= David McGregor Rogers =

Loyalist and Upper Canada politician

David McGregor Rogers (November 23, 1772 – July 18, 1824) was a farmer and Member of the 2nd Parliament of Upper Canada.

He was born in Londonderry, Vermont, in 1772. the third son and second David born to Capt. James Rogers and Margaret McGregor, the first David having died at the age of four in 1766. He was named after his great-grandfather Rev. David McGregor of Londonderry, New Hampshire. He settled with his family in Fredericksburg Township in Lennox County after the American Revolution. His uncle, Major Robert Rogers, led a group known as Rogers' Rangers during the Seven Years' War. In 1789, Rogers settled on his own farm in Prince Edward County.
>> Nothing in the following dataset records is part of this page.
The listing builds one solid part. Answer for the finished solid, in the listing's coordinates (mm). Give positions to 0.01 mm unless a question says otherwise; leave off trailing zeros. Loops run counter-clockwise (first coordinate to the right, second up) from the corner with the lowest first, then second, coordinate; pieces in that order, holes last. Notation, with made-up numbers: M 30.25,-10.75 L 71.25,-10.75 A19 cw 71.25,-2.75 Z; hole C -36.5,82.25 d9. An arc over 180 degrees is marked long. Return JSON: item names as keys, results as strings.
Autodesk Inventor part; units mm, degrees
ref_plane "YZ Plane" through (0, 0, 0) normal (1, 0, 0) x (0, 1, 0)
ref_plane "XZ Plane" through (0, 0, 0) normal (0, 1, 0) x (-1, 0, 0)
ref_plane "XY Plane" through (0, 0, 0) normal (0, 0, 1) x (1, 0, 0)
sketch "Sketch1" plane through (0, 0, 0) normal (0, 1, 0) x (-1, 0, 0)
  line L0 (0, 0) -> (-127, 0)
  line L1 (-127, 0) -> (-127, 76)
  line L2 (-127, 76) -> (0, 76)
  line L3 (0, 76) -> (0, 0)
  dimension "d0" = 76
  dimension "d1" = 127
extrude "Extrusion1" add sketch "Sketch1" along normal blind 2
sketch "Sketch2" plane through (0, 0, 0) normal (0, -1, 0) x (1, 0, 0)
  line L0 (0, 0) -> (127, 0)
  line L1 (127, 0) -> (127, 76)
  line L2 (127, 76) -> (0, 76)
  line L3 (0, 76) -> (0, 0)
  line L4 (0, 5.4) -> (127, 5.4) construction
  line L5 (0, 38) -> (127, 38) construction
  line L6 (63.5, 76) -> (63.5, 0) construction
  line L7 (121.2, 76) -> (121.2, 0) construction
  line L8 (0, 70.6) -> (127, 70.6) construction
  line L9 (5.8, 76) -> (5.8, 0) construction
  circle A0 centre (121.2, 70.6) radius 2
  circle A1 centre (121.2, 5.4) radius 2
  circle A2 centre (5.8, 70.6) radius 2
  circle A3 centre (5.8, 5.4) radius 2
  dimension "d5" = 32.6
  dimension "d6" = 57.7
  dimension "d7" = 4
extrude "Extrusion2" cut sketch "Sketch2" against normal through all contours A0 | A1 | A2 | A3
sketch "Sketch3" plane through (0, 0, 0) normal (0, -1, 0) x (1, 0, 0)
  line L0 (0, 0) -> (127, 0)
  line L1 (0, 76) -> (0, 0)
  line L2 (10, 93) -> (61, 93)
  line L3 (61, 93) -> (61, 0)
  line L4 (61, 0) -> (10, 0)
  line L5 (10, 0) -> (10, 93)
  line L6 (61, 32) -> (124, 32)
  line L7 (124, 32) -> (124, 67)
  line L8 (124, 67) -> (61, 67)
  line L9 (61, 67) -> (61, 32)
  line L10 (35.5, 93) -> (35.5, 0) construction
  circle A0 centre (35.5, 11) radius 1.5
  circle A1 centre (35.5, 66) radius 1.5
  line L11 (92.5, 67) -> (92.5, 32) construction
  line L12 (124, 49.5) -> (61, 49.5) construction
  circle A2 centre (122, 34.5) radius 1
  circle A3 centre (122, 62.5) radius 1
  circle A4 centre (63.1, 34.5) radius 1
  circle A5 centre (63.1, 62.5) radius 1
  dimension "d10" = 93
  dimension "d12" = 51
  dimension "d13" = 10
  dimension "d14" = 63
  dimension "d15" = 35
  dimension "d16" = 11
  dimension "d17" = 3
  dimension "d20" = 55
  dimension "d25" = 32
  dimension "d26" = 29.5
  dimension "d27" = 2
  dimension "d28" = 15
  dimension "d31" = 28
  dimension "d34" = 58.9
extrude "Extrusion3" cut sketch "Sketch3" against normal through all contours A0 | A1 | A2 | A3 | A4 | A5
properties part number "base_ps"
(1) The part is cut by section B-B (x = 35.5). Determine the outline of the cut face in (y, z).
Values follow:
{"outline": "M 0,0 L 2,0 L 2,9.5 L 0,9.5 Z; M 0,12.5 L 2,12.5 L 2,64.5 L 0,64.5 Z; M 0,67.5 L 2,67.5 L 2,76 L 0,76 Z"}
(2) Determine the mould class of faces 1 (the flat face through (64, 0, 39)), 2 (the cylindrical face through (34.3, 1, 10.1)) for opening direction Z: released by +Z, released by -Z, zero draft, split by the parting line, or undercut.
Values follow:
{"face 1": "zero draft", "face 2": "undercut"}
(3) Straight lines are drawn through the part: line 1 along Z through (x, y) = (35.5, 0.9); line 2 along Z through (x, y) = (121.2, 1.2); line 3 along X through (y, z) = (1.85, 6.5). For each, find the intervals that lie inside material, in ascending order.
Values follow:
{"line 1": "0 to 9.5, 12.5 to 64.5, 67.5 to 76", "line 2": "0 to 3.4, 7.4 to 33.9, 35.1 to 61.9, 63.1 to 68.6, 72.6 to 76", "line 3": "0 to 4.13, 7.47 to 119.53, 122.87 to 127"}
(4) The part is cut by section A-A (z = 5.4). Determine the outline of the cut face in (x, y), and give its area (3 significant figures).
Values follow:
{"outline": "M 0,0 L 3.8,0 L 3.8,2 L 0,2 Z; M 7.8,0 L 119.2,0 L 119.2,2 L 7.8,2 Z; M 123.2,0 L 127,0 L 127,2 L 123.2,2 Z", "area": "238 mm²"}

In 1796, he was elected to the 2nd Parliament of Upper Canada representing Prince Edward County. In 1800, he was elected to represent Hastings and Northumberland; he served in the assembly until 1816 and then from 1820 to 1824. He served in the local militia and also served as clerk in the district court. He also served as justice of the peace in the Newcastle District. In 1808, with Thomas Dorland and Peter Howard, he left the assembly to protest an attempt by the government to speed passage of an amendment to the District Schools Act. Lieutenant Governor Sir Francis Gore attempted to punish Rogers for this action but Rogers' actions were upheld on review and he returned to Parliament in 1820.

In 1802 he married Sarah Playter and after her death in 1810 he married her widowed sister Elizabeth.

In 1824 he was reelected and died on election day. He is buried in St George's Anglican Church Cemetery in Grafton in Haldimand Township.